__Problem to work on__.
Give back the listing underneath, unchanged and complete.

::::::::::

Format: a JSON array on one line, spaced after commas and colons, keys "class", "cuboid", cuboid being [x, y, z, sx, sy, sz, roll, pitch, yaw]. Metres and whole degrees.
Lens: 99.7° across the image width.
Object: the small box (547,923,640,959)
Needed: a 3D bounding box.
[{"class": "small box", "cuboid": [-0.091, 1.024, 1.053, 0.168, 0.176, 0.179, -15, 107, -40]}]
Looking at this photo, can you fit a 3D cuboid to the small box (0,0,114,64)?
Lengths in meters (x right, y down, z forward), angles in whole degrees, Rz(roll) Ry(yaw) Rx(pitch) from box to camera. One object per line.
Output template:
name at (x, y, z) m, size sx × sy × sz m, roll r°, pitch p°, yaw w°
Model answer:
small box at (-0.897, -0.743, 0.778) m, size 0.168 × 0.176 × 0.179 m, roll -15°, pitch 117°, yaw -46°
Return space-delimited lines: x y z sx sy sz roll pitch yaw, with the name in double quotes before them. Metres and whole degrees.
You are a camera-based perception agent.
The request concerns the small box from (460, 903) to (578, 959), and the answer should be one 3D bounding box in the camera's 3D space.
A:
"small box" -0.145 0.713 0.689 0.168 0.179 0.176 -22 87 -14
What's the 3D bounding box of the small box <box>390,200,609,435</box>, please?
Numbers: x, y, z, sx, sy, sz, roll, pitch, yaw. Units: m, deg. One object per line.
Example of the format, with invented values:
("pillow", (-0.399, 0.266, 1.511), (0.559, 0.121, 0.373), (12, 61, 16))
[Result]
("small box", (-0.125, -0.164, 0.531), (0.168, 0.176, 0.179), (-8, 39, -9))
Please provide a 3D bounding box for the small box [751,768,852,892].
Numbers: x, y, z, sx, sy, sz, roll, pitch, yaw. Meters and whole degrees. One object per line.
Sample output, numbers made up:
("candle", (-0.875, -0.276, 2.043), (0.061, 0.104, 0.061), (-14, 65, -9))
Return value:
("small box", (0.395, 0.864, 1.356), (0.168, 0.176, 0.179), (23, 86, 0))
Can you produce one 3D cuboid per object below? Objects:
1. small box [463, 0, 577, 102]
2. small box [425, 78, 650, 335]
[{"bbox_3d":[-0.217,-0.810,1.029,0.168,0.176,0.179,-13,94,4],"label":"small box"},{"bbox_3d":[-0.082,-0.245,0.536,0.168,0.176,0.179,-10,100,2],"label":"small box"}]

::::::::::

__Answer below__.
Format: a JSON array on one line, spaced after commas and colons, keys "class", "cuboid", cuboid being [x, y, z, sx, sy, sz, roll, pitch, yaw]. Metres and whole degrees.
Lens: 99.7° across the image width.
Object: the small box (547,923,640,959)
Needed: a 3D bounding box.
[{"class": "small box", "cuboid": [-0.091, 1.024, 1.053, 0.168, 0.176, 0.179, -15, 107, -40]}]
Looking at this photo, can you fit a 3D cuboid to the small box (0,0,114,64)?
Lengths in meters (x right, y down, z forward), angles in whole degrees, Rz(roll) Ry(yaw) Rx(pitch) from box to camera. One object per line.
Output template:
name at (x, y, z) m, size sx × sy × sz m, roll r°, pitch p°, yaw w°
Model answer:
small box at (-0.897, -0.743, 0.778) m, size 0.168 × 0.176 × 0.179 m, roll -15°, pitch 117°, yaw -46°
Return space-delimited lines: x y z sx sy sz roll pitch yaw, with the name in double quotes before them. Metres and whole degrees.
You are a camera-based perception agent.
The request concerns the small box from (460, 903) to (578, 959), and the answer should be one 3D bounding box in the camera's 3D space.
A:
"small box" -0.145 0.713 0.689 0.168 0.179 0.176 -22 87 -14
What's the 3D bounding box of the small box <box>390,200,609,435</box>, please?
Numbers: x, y, z, sx, sy, sz, roll, pitch, yaw. Units: m, deg. One object per line.
Example of the format, with invented values:
("pillow", (-0.399, 0.266, 1.511), (0.559, 0.121, 0.373), (12, 61, 16))
[Result]
("small box", (-0.125, -0.164, 0.531), (0.168, 0.176, 0.179), (-8, 39, -9))
Please provide a 3D bounding box for the small box [751,768,852,892].
Numbers: x, y, z, sx, sy, sz, roll, pitch, yaw. Meters and whole degrees. One object per line.
Sample output, numbers made up:
("candle", (-0.875, -0.276, 2.043), (0.061, 0.104, 0.061), (-14, 65, -9))
Return value:
("small box", (0.395, 0.864, 1.356), (0.168, 0.176, 0.179), (23, 86, 0))
Can you produce one 3D cuboid per object below? Objects:
1. small box [463, 0, 577, 102]
2. small box [425, 78, 650, 335]
[{"bbox_3d":[-0.217,-0.810,1.029,0.168,0.176,0.179,-13,94,4],"label":"small box"},{"bbox_3d":[-0.082,-0.245,0.536,0.168,0.176,0.179,-10,100,2],"label":"small box"}]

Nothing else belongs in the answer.